Monday, November 06, 2006

Where the Boys Are, at Least for Now, the Girls Pounce

November 2, 2006
Beirut Journal

Where the Boys Are, at Least for Now, the Girls Pounce
By KATHERINE ZOEPF, The New York Times

BEIRUT, Nov. 1 — This is a city of nightclubs, but the nightlife is something else these days, and not just because of the feverish edge sharpened by the war last summer. By 8 p.m., women in their 20s and early 30s are prowling in packs of five and six, casting meaningful glances at any and all passing men. In the bars the women dance for hours — often on top of the bar — and legs, midriffs, bare shoulders and barely covered bosoms are offered for public admiration. Samir Khalaf, a professor of sociology at the American University of Beirut, said the scene astonished his American colleagues. “They are just shocked,” he said. “ ‘This is Lebanon, the Middle East?’ they say. They can’t stop talking about all the belly buttons, about all these highly eroticized bodies. You see it everywhere here, this combination of consumerism and postmodernism and female competition.” For a few weeks twice a year, after Ramadan and before Christmas, thousands of Lebanon’s young men return from jobs abroad — and run smack into one of the world’s most aggressive cultures of female display. Young women of means have spent weeks primping and planning how to sift through as many men as possible in the short time available. The austere month of Ramadan ended a week ago.

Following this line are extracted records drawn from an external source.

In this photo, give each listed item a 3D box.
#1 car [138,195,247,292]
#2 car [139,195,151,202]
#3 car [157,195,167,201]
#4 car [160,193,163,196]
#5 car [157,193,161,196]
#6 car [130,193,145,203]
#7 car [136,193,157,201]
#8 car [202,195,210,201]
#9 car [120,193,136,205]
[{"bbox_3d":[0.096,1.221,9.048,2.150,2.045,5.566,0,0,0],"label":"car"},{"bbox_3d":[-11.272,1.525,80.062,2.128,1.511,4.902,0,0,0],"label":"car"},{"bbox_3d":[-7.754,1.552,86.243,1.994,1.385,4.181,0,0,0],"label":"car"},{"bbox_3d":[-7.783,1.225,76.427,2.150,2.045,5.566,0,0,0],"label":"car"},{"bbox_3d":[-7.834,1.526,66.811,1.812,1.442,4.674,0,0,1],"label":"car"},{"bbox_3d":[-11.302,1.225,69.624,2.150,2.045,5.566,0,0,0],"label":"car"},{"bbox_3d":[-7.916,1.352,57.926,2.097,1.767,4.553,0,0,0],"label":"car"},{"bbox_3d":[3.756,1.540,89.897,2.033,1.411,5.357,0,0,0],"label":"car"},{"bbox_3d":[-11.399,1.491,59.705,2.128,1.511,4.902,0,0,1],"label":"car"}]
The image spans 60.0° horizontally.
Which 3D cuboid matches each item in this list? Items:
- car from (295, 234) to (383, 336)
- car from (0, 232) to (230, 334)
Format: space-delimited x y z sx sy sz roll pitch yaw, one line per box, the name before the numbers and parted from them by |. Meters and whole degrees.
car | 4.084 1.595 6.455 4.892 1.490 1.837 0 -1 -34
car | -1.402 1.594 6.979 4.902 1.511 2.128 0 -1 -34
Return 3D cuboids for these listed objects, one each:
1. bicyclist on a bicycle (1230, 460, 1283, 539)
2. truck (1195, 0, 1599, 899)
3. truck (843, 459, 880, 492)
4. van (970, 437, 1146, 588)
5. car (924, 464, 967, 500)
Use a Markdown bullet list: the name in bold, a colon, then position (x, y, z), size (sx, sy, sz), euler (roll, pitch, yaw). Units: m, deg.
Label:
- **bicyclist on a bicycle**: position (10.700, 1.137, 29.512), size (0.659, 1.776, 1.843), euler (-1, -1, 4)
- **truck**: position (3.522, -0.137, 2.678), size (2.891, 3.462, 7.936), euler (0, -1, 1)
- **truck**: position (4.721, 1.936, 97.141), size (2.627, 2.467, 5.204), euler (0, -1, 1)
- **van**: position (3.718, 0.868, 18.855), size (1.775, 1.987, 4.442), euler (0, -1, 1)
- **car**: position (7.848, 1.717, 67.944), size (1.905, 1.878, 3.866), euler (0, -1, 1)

The country’s high rate of unemployment pushes the young men to seek work elsewhere, sometimes in Western countries like France and Canada, but mainly in the and the other oil states on the Persian Gulf. The women, inhibited by family pressures, are generally left behind. “The demographic reality is truly alarming,” Professor Khalaf said. “There are no jobs for university graduates, and with the boys leaving, the sex ratios are simply out of control. It is now almost five to one: five young girls for every young man. When men my sons’ age come back to Lebanon, they can’t keep the girls from leaping at them.” For the men, who return with deep pockets and high spirits, the holiday welcome is gratifying. “In Doha it is completely impossible, because you can’t talk to women in the gulf,” said Wisam Hamdan, 35, back from, where he manages hairdressing salons. “But Lebanese girls are very friendly. I am hoping to meet lots of girls, and then I will pick one.” The other night Roula Hallak, 27, was wandering the bars of Gemmayzeh, an eastern Beirut neighborhood, with a troupe of six meticulously dressed and made-up girlfriends. “I’m not looking, but she is, and so is she,” Ms. Hallak said, poking two of them, who giggled and declined to give their names. “It’s so hard to meet the perfect guy this way, but there are so many out in Beirut at this time of year. You go out and you look and you’re always hoping.”

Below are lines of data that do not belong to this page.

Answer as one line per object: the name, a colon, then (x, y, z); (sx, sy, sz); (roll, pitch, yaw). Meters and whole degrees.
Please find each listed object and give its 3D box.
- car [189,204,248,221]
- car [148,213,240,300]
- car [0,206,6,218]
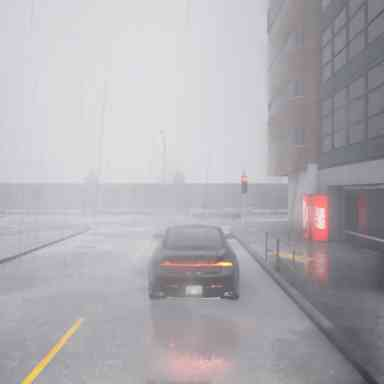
car: (2.117, 1.601, 26.755); (4.718, 1.301, 1.895); (0, 0, 0)
car: (0.055, 1.505, 8.361); (1.837, 1.490, 4.892); (0, 0, 1)
car: (-17.514, 1.352, 26.769); (4.553, 1.767, 2.097); (0, 0, 0)
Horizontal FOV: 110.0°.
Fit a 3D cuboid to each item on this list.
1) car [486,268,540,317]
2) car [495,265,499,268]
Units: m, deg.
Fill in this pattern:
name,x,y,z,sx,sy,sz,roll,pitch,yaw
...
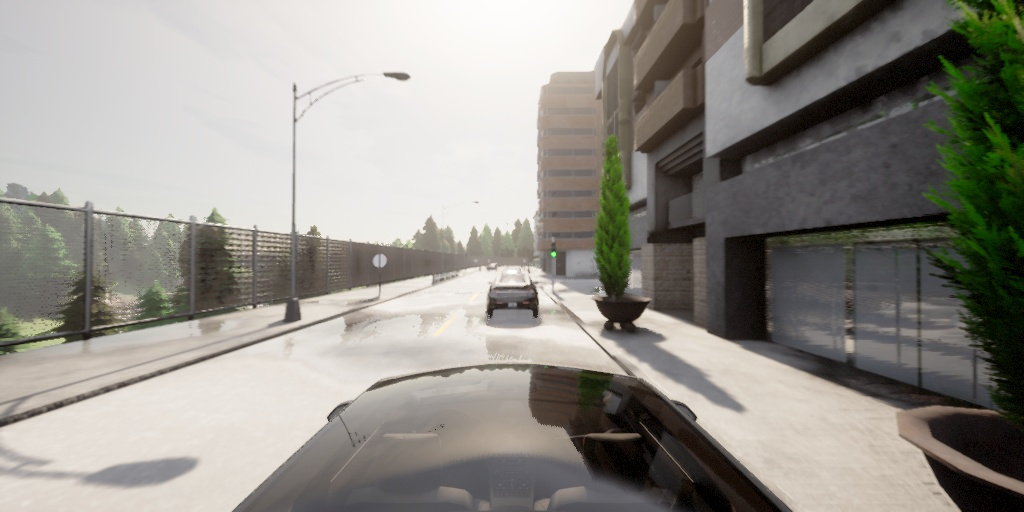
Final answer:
name,x,y,z,sx,sy,sz,roll,pitch,yaw
car,0.040,1.406,14.045,2.128,1.511,4.902,0,-1,1
car,0.028,1.636,26.963,2.033,1.411,5.357,0,-1,1
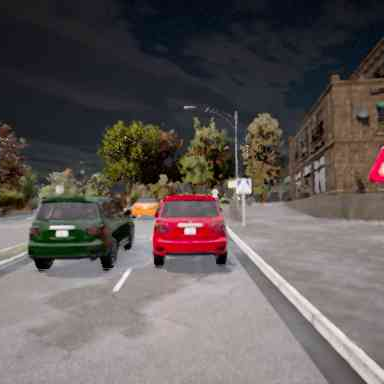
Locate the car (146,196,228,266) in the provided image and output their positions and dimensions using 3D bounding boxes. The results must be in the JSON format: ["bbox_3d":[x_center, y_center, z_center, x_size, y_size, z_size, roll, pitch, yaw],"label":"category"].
[{"bbox_3d":[-0.095,1.144,11.464,2.150,2.045,5.566,0,0,-1],"label":"car"}]

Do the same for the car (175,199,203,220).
[{"bbox_3d":[-0.157,1.320,26.337,1.994,1.385,4.181,-1,1,2],"label":"car"}]

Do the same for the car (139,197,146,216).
[{"bbox_3d":[-3.388,1.133,26.790,2.097,1.767,4.553,-1,1,2],"label":"car"}]

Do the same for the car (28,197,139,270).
[{"bbox_3d":[-3.341,1.168,11.103,2.150,2.045,5.566,0,0,-1],"label":"car"}]

According to Professor Khalaf, Lebanese Christians have been migrating for economic reasons since Ottoman times. But as the nation’s economic crisis has deepened, the exodus has come to include young men from all religious groups and across the socio-economic spectrum, as well as a tiny but growing number of young women. Over the last two decades, the Persian Gulf has become the economic pole, and its pull has only grown stronger since the monthlong war this summer between Israel and the Hezbollah militia in Lebanon. With the political situation here still so uncertain, investment and work opportunities are growing even scarcer, and the gender imbalance worsens. For young women here, dressing fashionably is a competitive game; stare-down contests between young women in restaurants and malls are common, particularly, say the girls, when one of the women is accompanied by an attractive Lebanese man.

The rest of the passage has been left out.